╔══

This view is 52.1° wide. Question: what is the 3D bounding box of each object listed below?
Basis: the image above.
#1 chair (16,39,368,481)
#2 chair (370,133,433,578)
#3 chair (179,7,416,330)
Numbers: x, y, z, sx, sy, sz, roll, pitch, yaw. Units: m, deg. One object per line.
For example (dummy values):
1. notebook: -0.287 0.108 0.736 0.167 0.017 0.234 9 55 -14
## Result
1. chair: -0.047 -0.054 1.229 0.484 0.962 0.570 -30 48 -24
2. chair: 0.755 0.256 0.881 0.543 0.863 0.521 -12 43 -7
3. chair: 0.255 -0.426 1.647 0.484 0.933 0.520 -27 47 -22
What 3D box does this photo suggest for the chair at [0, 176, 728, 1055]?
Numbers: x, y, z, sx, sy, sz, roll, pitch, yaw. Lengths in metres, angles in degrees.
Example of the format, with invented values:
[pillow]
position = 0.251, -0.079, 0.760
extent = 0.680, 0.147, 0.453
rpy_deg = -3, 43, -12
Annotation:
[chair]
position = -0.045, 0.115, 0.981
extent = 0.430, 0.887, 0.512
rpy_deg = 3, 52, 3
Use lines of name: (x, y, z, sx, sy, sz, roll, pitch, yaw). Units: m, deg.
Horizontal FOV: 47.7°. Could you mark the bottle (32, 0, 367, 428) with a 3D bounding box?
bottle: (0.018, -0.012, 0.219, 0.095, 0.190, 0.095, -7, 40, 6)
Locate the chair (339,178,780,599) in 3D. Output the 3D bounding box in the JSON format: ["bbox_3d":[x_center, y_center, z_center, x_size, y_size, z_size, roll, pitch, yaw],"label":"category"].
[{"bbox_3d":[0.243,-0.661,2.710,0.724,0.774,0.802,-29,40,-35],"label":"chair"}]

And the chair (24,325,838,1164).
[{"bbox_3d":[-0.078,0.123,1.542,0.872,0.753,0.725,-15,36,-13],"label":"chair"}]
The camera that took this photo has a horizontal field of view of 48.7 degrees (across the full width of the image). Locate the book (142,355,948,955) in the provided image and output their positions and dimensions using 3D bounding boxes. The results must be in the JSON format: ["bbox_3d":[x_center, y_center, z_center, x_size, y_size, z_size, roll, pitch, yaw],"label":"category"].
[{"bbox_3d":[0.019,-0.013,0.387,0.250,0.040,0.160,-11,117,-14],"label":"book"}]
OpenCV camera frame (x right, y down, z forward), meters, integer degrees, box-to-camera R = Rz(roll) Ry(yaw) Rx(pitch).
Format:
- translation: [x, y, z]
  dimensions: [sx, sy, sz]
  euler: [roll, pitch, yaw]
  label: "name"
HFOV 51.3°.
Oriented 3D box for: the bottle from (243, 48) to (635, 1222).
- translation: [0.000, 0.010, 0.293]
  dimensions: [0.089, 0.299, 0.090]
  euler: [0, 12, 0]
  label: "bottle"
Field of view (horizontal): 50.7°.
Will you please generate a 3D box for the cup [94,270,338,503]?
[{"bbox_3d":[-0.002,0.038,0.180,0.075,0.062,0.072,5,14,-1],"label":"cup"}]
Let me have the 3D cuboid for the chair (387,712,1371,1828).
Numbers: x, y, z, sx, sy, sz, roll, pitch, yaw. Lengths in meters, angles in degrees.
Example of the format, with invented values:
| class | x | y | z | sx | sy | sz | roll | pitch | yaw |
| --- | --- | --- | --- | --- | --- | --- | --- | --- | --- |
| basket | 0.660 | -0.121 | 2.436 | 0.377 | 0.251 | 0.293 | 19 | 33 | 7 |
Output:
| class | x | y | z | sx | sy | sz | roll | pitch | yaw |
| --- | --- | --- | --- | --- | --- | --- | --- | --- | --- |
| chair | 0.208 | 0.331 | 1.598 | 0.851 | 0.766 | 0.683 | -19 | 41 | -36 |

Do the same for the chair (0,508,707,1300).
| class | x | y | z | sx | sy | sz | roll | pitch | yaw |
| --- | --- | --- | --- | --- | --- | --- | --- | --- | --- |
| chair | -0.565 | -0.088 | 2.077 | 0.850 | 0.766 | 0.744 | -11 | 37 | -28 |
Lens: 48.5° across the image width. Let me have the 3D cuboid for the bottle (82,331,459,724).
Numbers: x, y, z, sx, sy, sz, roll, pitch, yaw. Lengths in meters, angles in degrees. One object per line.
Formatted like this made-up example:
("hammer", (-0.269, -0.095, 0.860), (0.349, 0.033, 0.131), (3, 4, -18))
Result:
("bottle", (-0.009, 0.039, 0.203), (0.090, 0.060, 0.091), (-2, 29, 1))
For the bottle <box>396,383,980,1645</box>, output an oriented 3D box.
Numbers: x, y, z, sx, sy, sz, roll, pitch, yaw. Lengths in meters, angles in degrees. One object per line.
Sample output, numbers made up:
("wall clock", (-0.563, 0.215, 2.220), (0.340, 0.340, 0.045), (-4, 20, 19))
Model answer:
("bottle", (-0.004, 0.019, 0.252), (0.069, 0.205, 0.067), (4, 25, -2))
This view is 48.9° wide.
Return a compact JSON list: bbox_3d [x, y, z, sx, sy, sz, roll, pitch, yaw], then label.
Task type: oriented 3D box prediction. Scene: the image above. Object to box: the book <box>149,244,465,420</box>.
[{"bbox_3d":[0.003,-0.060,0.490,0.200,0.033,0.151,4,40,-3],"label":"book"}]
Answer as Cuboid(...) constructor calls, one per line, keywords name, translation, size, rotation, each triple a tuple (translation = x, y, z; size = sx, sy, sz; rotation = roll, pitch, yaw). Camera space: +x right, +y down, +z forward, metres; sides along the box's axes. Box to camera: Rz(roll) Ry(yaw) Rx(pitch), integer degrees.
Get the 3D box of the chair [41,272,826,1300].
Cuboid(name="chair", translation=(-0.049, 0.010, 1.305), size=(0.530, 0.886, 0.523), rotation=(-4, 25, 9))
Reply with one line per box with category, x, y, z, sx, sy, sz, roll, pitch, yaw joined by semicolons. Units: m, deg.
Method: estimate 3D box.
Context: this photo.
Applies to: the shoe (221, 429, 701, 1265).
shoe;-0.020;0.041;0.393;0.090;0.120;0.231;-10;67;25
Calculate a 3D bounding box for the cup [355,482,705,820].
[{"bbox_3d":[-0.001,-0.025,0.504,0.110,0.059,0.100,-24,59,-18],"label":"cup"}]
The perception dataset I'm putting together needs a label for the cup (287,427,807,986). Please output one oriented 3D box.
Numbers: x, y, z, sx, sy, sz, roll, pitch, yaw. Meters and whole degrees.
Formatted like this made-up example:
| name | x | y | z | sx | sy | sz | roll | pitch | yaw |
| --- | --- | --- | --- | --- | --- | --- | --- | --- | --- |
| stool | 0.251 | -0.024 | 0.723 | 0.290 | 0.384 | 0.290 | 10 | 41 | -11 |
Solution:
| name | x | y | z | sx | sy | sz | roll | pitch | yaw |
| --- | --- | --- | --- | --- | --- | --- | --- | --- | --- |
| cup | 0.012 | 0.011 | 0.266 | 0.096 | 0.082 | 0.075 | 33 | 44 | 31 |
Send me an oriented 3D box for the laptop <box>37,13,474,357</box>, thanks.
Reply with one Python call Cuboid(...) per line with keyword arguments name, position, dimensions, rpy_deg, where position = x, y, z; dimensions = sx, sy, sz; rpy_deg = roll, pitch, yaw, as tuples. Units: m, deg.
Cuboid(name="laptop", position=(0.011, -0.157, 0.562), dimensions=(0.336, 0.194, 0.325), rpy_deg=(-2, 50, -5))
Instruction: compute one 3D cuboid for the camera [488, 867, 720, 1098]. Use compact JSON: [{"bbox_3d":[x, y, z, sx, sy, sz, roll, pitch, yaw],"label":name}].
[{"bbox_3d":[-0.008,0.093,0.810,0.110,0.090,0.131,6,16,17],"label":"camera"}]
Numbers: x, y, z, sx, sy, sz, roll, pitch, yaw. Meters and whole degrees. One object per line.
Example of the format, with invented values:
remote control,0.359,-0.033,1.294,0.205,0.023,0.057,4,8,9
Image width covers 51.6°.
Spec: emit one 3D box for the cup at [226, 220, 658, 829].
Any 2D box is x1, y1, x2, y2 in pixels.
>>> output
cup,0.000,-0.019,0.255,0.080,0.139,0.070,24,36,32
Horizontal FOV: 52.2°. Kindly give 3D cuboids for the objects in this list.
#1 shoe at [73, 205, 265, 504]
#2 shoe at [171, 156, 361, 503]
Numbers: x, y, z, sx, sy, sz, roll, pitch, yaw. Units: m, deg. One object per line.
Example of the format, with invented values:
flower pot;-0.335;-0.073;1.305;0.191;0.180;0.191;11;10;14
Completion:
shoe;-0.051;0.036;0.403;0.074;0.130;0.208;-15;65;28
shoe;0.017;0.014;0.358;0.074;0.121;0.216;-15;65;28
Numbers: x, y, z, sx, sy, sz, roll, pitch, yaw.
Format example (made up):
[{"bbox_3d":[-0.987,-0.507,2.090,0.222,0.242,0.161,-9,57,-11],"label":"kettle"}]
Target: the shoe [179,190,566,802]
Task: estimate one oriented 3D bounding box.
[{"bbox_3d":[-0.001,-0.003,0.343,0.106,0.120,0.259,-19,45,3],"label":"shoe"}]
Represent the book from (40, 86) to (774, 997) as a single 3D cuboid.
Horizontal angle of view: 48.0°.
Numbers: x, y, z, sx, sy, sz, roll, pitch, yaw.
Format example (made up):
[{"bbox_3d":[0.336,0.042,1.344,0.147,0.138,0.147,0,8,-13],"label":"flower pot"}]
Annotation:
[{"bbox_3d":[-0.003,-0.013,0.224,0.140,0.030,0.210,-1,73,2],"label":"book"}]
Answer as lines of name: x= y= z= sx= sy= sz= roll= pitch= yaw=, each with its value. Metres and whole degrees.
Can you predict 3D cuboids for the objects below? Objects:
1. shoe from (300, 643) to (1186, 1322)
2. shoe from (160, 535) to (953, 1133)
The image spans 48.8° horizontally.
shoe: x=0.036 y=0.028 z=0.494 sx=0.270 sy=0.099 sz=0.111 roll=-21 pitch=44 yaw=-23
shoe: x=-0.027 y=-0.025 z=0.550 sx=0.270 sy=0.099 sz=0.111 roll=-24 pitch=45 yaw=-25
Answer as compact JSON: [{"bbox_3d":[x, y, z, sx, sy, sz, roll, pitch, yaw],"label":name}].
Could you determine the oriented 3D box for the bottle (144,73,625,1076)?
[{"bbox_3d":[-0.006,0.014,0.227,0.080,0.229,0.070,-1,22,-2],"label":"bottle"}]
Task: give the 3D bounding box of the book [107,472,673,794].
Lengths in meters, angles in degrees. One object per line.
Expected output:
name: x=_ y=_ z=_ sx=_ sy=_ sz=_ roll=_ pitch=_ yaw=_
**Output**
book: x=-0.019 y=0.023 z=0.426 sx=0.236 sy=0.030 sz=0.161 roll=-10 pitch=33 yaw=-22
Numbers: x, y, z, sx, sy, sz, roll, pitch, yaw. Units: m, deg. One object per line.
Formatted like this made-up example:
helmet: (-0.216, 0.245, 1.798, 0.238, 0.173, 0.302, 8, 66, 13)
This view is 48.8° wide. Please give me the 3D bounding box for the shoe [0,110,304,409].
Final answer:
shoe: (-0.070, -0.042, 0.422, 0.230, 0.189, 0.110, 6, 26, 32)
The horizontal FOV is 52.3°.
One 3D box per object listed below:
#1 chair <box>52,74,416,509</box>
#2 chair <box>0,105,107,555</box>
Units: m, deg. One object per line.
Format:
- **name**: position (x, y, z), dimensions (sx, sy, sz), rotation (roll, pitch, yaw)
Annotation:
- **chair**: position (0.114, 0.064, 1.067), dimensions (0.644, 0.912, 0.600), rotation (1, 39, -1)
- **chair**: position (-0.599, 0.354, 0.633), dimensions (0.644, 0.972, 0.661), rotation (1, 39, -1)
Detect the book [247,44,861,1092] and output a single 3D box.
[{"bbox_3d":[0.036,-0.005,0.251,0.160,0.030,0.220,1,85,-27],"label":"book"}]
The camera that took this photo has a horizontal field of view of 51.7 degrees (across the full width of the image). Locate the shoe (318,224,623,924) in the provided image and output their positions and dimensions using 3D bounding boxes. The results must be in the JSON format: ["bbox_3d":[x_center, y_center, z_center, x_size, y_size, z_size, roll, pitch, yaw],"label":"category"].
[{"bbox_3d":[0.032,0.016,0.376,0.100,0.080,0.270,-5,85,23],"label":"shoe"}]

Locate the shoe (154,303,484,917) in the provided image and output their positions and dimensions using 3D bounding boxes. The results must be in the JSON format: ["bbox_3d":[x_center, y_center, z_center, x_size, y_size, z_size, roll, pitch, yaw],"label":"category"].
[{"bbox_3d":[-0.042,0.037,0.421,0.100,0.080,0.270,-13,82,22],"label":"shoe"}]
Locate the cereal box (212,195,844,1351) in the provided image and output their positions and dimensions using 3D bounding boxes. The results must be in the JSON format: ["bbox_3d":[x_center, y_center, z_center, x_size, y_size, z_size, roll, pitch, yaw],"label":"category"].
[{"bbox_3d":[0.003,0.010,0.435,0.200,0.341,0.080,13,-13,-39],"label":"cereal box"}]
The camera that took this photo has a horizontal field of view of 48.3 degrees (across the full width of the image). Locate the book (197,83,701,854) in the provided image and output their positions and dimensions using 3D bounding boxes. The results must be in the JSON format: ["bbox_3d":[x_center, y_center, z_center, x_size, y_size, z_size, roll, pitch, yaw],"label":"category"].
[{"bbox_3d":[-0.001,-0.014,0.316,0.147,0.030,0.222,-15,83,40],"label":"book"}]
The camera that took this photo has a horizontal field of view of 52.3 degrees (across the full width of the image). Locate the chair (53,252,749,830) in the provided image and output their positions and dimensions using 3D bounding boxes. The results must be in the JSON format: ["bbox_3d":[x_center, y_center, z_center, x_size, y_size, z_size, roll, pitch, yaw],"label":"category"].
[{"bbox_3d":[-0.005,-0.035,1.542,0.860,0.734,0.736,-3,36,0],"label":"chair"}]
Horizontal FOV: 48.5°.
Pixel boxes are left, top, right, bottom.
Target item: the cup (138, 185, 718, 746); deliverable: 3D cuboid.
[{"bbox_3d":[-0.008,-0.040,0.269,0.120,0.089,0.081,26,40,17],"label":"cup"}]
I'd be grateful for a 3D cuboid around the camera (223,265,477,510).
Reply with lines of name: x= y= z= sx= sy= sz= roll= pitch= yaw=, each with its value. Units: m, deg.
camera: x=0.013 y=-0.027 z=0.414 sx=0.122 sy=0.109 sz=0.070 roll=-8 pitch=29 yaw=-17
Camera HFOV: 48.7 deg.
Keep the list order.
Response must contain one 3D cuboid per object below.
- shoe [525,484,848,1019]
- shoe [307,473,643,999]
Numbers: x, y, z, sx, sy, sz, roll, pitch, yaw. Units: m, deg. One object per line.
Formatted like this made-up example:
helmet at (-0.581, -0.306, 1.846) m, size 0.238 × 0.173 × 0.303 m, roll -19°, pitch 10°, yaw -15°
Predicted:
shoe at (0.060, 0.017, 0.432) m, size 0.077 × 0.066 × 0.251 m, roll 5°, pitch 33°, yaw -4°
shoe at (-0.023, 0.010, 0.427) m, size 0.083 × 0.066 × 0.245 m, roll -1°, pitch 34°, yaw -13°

╚══

» **Activity**
If a line in the material above contains the word "below", copy it.

» **Exercise response**
This view is 52.1° wide. Question: what is the 3D bounding box of each object listed below?
Can you predict 3D cuboids for the objects below? Objects:
One 3D box per object listed below:
Response must contain one 3D cuboid per object below.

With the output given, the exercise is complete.